Harmeen Mehta, CDIO at BT, said it can be "very intimidating" for a new starter to join a company like hers. 

"You are only as good as who you know - and you know very few people." 

But, like Stephan, she said these people have the skills for the modern age - skills to cope with the "fundamental change" that AI will bring to society. 

"The skills I need today are not what the company has today. We need to bring in new skills and also reskill the people I already have." 

AI can help with that, at both the new and mature end of the spectrum. "For a new person coming in, one of the biggest complaints I get is the length of time it takes to get them ready: that's what this technology does." 

Adam Raeburn-James, CTO at Unilever, agreed that combining hard and soft skills will be the path to success over the next decade: 

"The people who will do really well will be the ones who learn how to harness the technology the best...combining it with the human skills. 

"Our challenge is how do we help people make that journey?" 
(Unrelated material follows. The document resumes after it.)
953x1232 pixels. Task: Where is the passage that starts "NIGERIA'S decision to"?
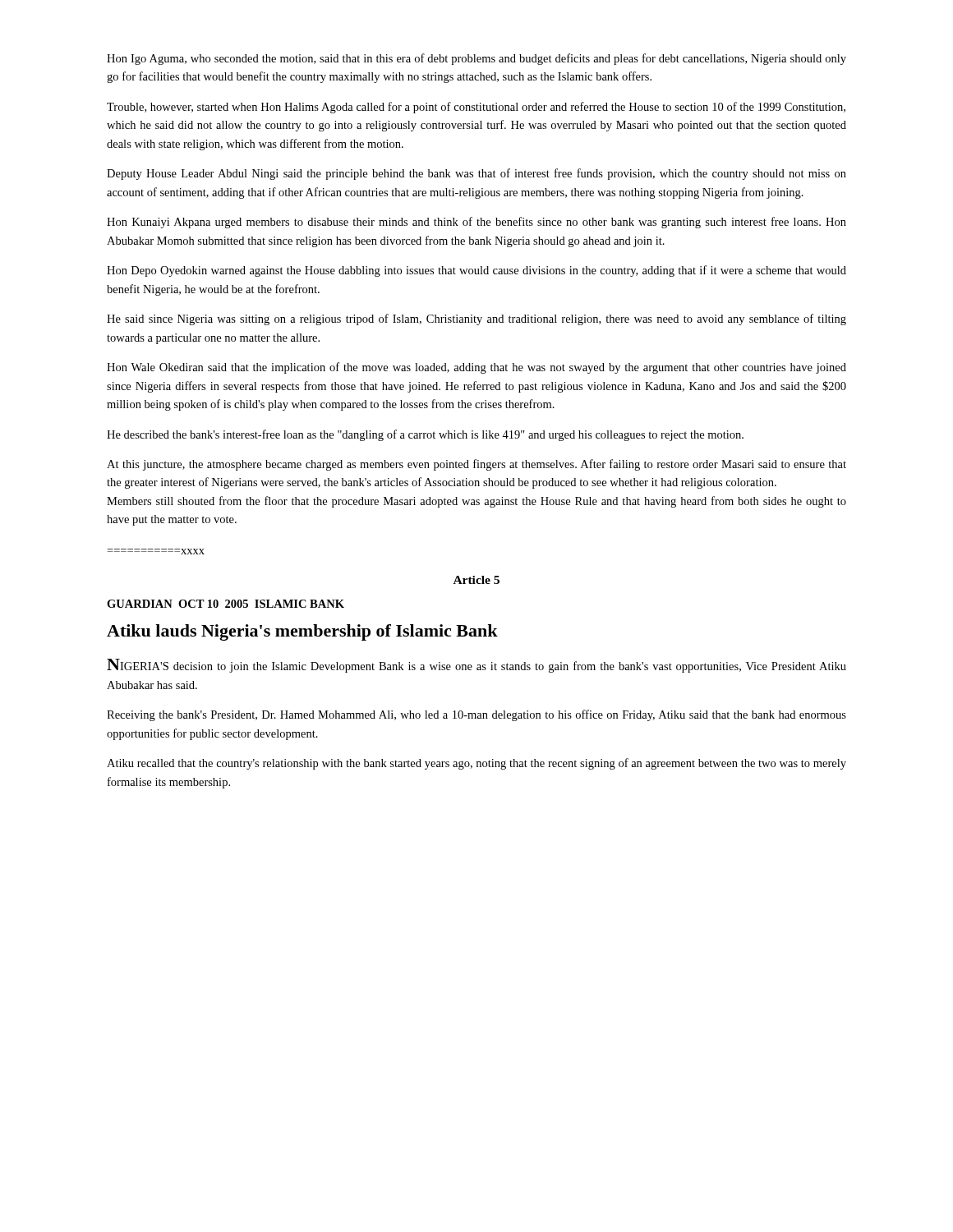[476, 674]
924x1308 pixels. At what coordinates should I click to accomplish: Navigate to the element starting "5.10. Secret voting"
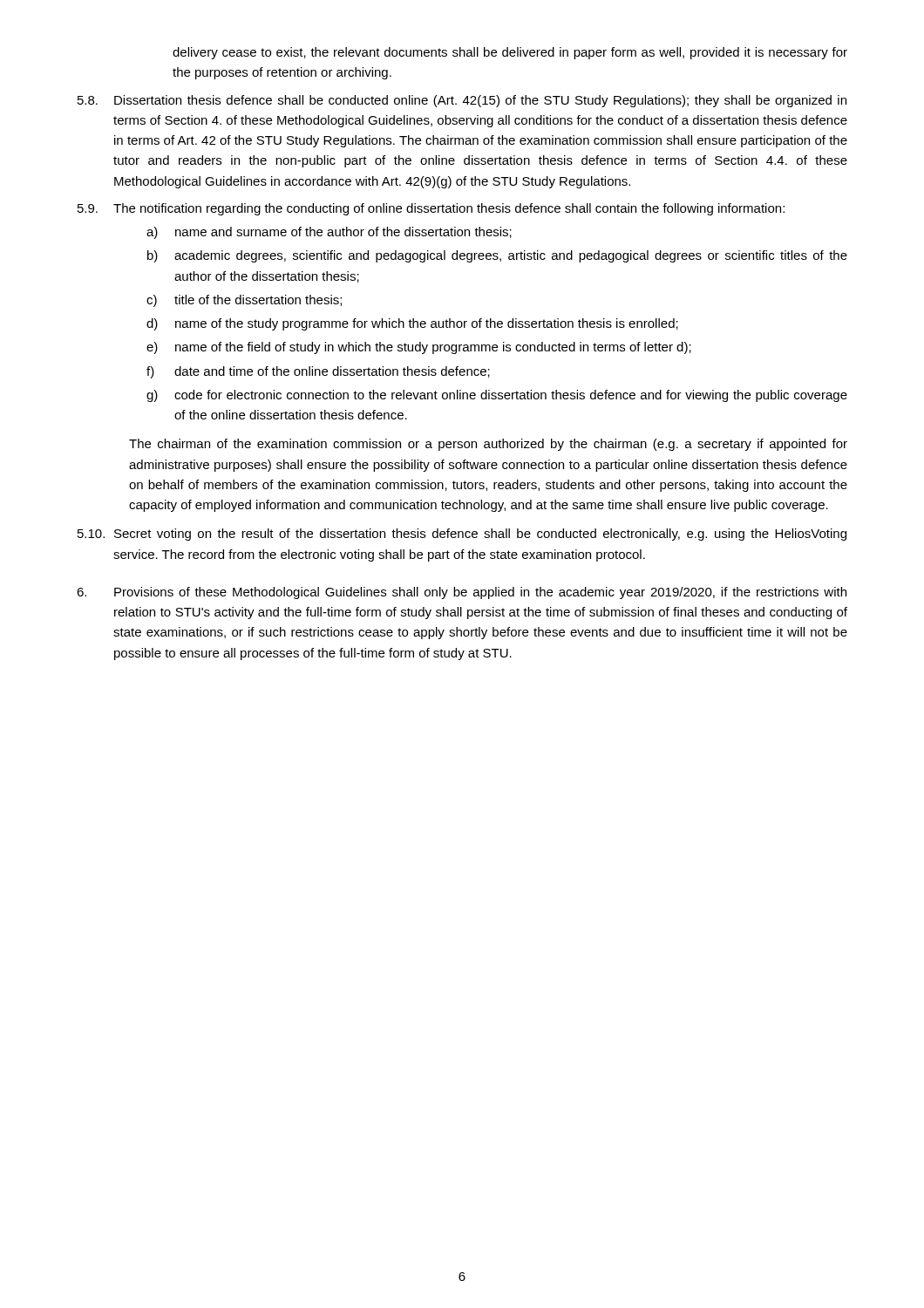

WPP has already started to answer that question, partly through an apprenticeship and mentoring programme and partly through a framework Stephan called "inspiration, automation and optimisation." 

"Inspiration is all about augmented creativity - making humans faster and more creative... Automation is about taking jobs that are manual and tedious and not of value to anyone and automating them out... Optimisation is the whole area of how to create better outcomes. 

"[Optimisation] is not all about generative AI, but it does play a role... We still haven't seen machines creating breakthrough new ideas. It doesn't have that human, cultural insight. The human touch is still important."